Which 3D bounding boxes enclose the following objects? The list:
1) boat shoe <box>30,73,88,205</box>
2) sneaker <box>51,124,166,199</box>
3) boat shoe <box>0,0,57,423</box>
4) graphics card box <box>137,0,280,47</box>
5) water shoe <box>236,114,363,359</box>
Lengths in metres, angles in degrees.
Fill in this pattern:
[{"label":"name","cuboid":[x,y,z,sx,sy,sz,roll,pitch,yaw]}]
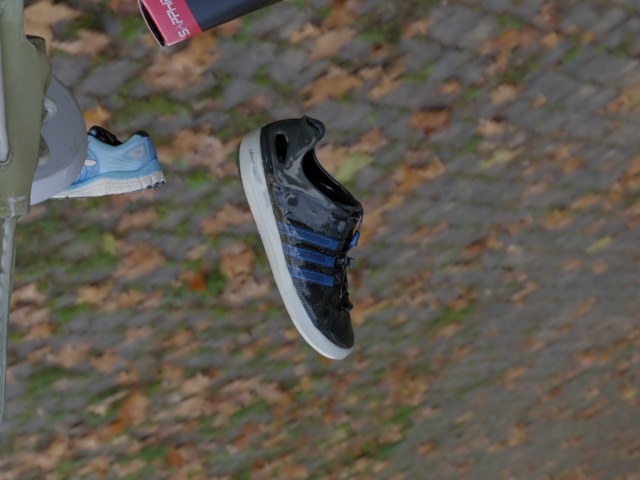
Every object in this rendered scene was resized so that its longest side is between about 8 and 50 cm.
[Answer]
[{"label":"boat shoe","cuboid":[-0.339,-0.047,0.934,0.367,0.136,0.156,-1,152,-12]},{"label":"sneaker","cuboid":[-0.233,-0.082,1.485,0.162,0.073,0.063,-5,-176,25]},{"label":"boat shoe","cuboid":[-0.136,-0.053,0.493,0.094,0.302,0.109,-15,-159,-34]},{"label":"graphics card box","cuboid":[-0.016,-0.354,1.370,0.371,0.233,0.094,-19,146,5]},{"label":"water shoe","cuboid":[0.000,0.000,1.153,0.080,0.203,0.073,-18,-166,16]}]
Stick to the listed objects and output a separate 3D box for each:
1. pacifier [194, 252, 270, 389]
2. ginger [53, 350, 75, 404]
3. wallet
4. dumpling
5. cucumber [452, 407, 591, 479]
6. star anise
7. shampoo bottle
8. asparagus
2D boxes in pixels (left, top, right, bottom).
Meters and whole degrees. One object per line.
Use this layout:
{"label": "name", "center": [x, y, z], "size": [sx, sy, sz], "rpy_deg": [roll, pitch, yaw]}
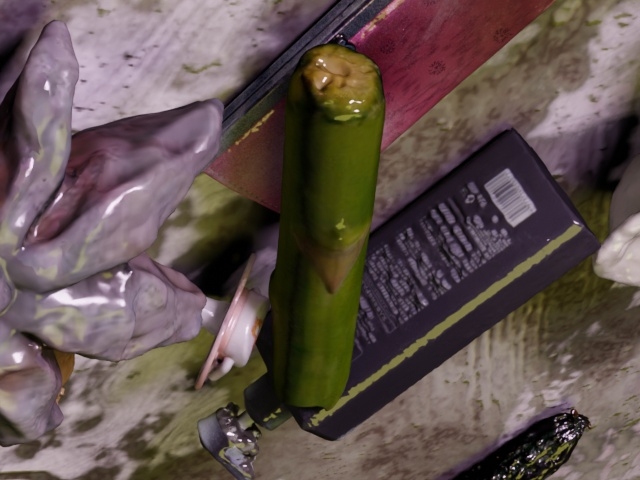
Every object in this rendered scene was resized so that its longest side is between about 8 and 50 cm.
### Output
{"label": "pacifier", "center": [-0.078, 0.049, 1.052], "size": [0.078, 0.099, 0.081], "rpy_deg": [23, 152, -6]}
{"label": "ginger", "center": [-0.180, 0.041, 0.970], "size": [0.096, 0.067, 0.165], "rpy_deg": [15, 110, -34]}
{"label": "wallet", "center": [0.034, -0.104, 0.968], "size": [0.232, 0.025, 0.119], "rpy_deg": [-41, 144, 17]}
{"label": "dumpling", "center": [0.283, -0.036, 1.141], "size": [0.229, 0.124, 0.151], "rpy_deg": [-24, 150, -45]}
{"label": "cucumber", "center": [0.167, 0.212, 1.435], "size": [0.181, 0.053, 0.053], "rpy_deg": [-35, 145, 6]}
{"label": "star anise", "center": [-0.177, 0.032, 0.850], "size": [0.315, 0.139, 0.359], "rpy_deg": [-25, 128, -3]}
{"label": "shampoo bottle", "center": [0.041, 0.054, 1.106], "size": [0.309, 0.098, 0.071], "rpy_deg": [-37, 149, 11]}
{"label": "asparagus", "center": [0.002, 0.000, 0.985], "size": [0.060, 0.067, 0.278], "rpy_deg": [-26, 145, -27]}
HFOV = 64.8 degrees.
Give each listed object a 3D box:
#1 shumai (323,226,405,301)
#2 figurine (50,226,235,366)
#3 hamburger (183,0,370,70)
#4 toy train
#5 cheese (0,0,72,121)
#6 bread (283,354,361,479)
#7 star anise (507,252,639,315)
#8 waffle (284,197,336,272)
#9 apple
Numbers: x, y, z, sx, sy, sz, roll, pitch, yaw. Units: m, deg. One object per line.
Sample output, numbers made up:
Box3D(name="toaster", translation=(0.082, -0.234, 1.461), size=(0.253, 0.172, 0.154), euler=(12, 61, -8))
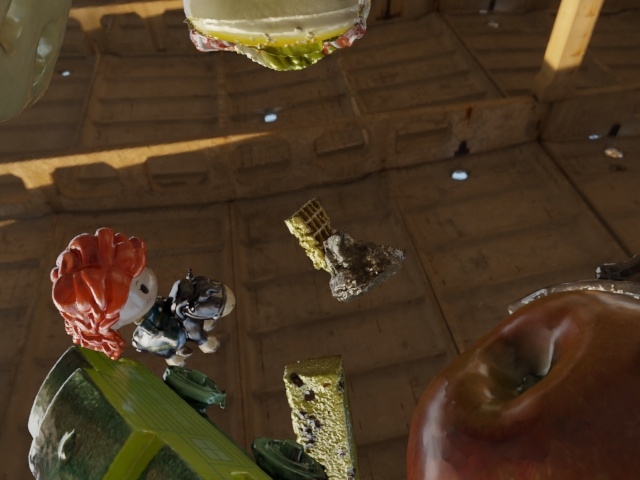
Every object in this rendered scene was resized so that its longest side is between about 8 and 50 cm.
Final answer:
Box3D(name="shumai", translation=(0.090, 0.044, 1.253), size=(0.205, 0.166, 0.176), euler=(-32, -96, 22))
Box3D(name="figurine", translation=(-0.388, 0.147, 1.122), size=(0.411, 0.306, 0.241), euler=(25, -133, -31))
Box3D(name="hamburger", translation=(-0.050, -0.271, 0.552), size=(0.210, 0.116, 0.173), euler=(-1, -125, 5))
Box3D(name="toy train", translation=(-0.197, 0.278, 0.643), size=(0.442, 0.272, 0.179), euler=(17, -101, 44))
Box3D(name="cheese", translation=(-0.247, -0.235, 0.364), size=(0.129, 0.351, 0.328), euler=(23, -157, -22))
Box3D(name="bread", translation=(0.006, 0.445, 1.185), size=(0.138, 0.362, 0.077), euler=(-6, -163, 11))
Box3D(name="star anise", translation=(0.434, 0.079, 0.530), size=(0.315, 0.359, 0.139), euler=(21, -118, -17))
Box3D(name="waffle", translation=(0.000, 0.000, 1.390), size=(0.055, 0.211, 0.160), euler=(-29, -172, 25))
Box3D(name="apple", translation=(0.185, 0.159, 0.359), size=(0.253, 0.254, 0.254), euler=(-1, -133, 1))

+--

Exercise objective:
The answer should consist of all lines from the records above that hold the word "boxes".

Exercise output:
Which 3D bounding boxes enclose the following objects? The list:
2D boxes in pixels (left, top, right, bottom).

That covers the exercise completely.